Somewhere in humans there is this response to incredible stress to do whatever it takes to just get away and hide for a while. Sometimes going to bed and sleeping works. I guess sometimes getting blotto works; never tried it. But my body was desperately craving an escape and that was the method it chose. It was so strange to me. I’m a one glass for the night girl, if I ever drink which is rare. Why would I suddenly want to be a bottle an hour drinker?? I guess it all falls under the flight or fight. Somehow my brain knew that going to sleep or becoming unconscious from alcohol were ways to keep me alive a bit longer.
Did I ever succumb? No. Not even to a glass. Because I know myself, I’m already living with a chocolate habit that could be classed as an addiction, I’ve been a book and TV series addict and arguably still am, I know that I have difficulty saying no to food.
Basically I think that I have an addicitive personality. And I’m okay-ish with the slippery slope of food consumption, to a point, but not alcohol.
I’ve seen too many ruined lives due to alcohol addiction working in hospitals. And it’s not just the jobless and homeless, I’ve seen lawyers and people high up in powerful positions who have fallen victim to habits involving expensive scotch or champagne rather than rot-gut wine by the litre container. In the end, they all die the same way. Scarring and slow destruction of the liver causing serious bleeding, or slow poisoning of the body with its own by-products, as well as the accompanying incessant itch, delirium and long slow march on the inevitable path to death. This is a TERRIBLE way to die. Be warned.
So my upbringing, my history with liver cirrhosis patients, and sheer lifelong habit kept me from that.
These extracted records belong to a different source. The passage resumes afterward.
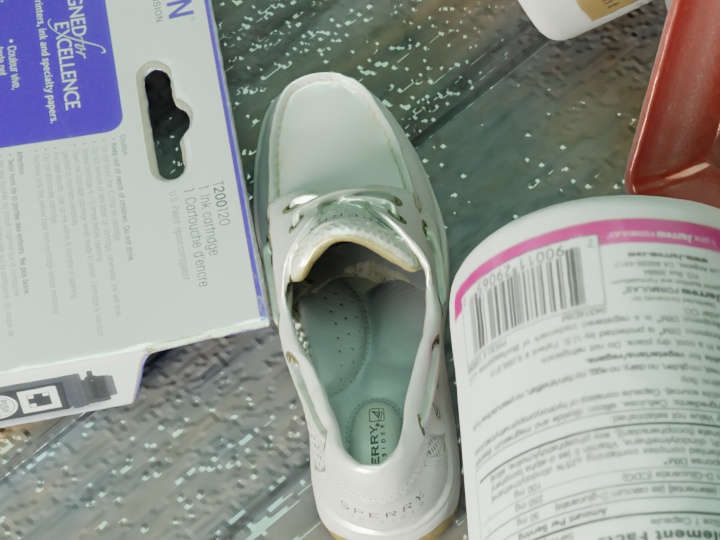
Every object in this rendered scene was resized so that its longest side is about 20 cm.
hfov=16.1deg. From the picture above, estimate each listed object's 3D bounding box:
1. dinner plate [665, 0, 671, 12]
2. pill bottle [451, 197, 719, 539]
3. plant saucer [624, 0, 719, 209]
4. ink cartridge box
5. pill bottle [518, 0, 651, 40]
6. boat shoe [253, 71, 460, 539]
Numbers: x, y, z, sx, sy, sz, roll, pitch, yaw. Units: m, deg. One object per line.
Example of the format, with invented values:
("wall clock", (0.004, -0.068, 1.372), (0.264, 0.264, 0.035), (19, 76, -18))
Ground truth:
("dinner plate", (0.219, -0.125, 0.997), (0.200, 0.024, 0.200), (-4, 52, 4))
("pill bottle", (0.092, 0.087, 0.832), (0.113, 0.113, 0.200), (-4, 60, 1))
("plant saucer", (0.197, -0.085, 0.859), (0.199, 0.200, 0.037), (27, 22, 39))
("ink cartridge box", (-0.144, -0.034, 0.968), (0.200, 0.043, 0.198), (-11, 59, -1))
("pill bottle", (0.138, -0.178, 0.963), (0.200, 0.114, 0.115), (-25, 58, 13))
("boat shoe", (0.000, 0.000, 0.924), (0.071, 0.069, 0.200), (-12, 58, -1))

But you need something to help numb you for a while. There has to be an escape for however long. For me, chocolate or any food really and a good book, but then I couldn’t concentrate enough to read so it was anything video on replay, chocolate and a brief step out of life to recoup until I could live the next little bit.
Hold on for dear life, there is an alternate ending without swinging from the chandelier!!